Next time, we’ll probably stay in another neighborhood.
Rome has so much to see, and it can be overwhelming to decide what to visit. Research and plan your Rome itinerary in advance, factoring in some downtime for the kids.
I figured we’d want to see the Roman Forum, Colosseum, walk around Central Rome, check out the Sistine Chapel in Vatican City, throw coins in the Trevi Fountain, and climb the Spanish Steps.
Ask Your Kids What THEY Want to Do
My kids really wanted to see the Colosseum because it’s pretty famous and it’s one of the seven wonders of the world.
They also wanted to do Gladiator School because they figured it would come in handy knowing some ancient fighting techniques!

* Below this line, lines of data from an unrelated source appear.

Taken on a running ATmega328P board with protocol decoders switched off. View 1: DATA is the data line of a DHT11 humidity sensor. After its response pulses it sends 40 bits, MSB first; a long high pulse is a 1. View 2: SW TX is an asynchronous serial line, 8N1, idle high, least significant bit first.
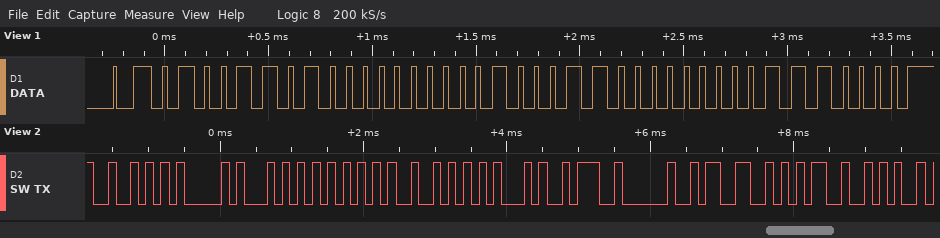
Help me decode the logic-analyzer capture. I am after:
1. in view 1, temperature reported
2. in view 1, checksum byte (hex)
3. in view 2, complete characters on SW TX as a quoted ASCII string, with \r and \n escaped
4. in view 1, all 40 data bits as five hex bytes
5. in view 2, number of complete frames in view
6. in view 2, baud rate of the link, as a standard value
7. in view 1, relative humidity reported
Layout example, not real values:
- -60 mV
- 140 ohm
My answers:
- 35.0 °C
- 0x70
- "RATURE: 35*"
- 4D 00 23 00 70
- 11
- 9600 baud
- 77 %
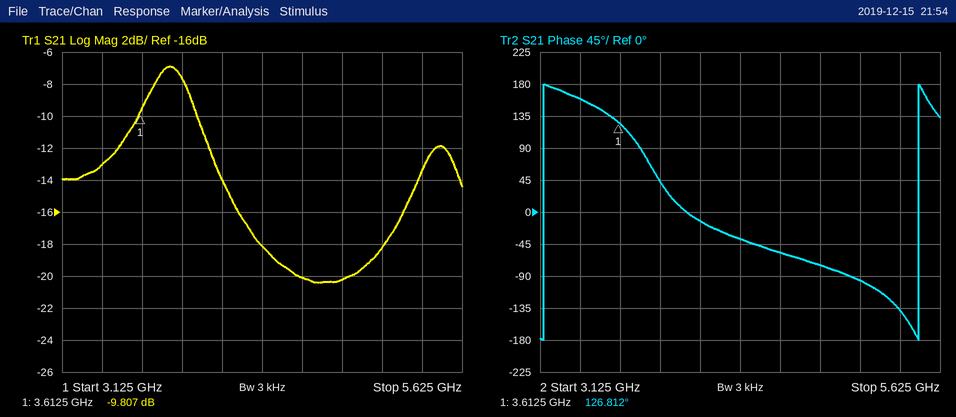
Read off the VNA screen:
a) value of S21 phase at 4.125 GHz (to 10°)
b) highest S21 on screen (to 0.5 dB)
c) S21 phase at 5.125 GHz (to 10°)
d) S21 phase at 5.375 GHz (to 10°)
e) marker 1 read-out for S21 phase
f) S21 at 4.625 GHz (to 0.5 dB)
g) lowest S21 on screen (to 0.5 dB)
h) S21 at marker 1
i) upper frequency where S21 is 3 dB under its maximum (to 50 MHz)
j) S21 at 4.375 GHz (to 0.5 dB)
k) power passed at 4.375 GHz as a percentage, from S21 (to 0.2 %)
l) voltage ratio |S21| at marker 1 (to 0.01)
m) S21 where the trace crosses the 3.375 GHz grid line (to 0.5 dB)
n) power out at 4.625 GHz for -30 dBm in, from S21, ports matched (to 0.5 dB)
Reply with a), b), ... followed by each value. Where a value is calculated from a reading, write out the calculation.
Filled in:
a) -10°
b) -7.0 dB
c) -100°
d) -140°
e) 126.812°
f) -20.0 dB
g) -20.5 dB
h) -9.807 dB
i) 3.95 GHz
j) -18.0 dB
k) 10^(-18/10) ≈ 1.6 %
l) 10^(-9.807/20) ≈ 0.32
m) -13.0 dB
n) -30 dBm + (-20.0 dB) = -50.0 dBm

Of course, they also wanted to taste test as many scoops of gelato as they could!
I’m a big believer that you can never have too much gelato in one day. While I remember getting “breakfast gelato” when I was a teen, I found that most gelateria in Rome didn’t open until lunchtime.
So, get one in the afternoon to cool off and then another one after dinner as dessert!
Book Kid-Friendly Rome Tours
Consider booking kid-friendly tours, especially for historically rich places like the Colosseum or the Vatican Museums. Guides often have a way of making history fun and engaging for younger audiences.
I prefer kid-friendly or private tours to group tours because they are so much more understanding of kids’ attention spans and needs. Plus, it’s usually easy to adapt the tour to fit your family better.
Visit Parks and Playgrounds
Villa Borghese Gardens and Villa Pamphili are expansive parks where kids can run around and play. They also house some excellent museums that adults can enjoy.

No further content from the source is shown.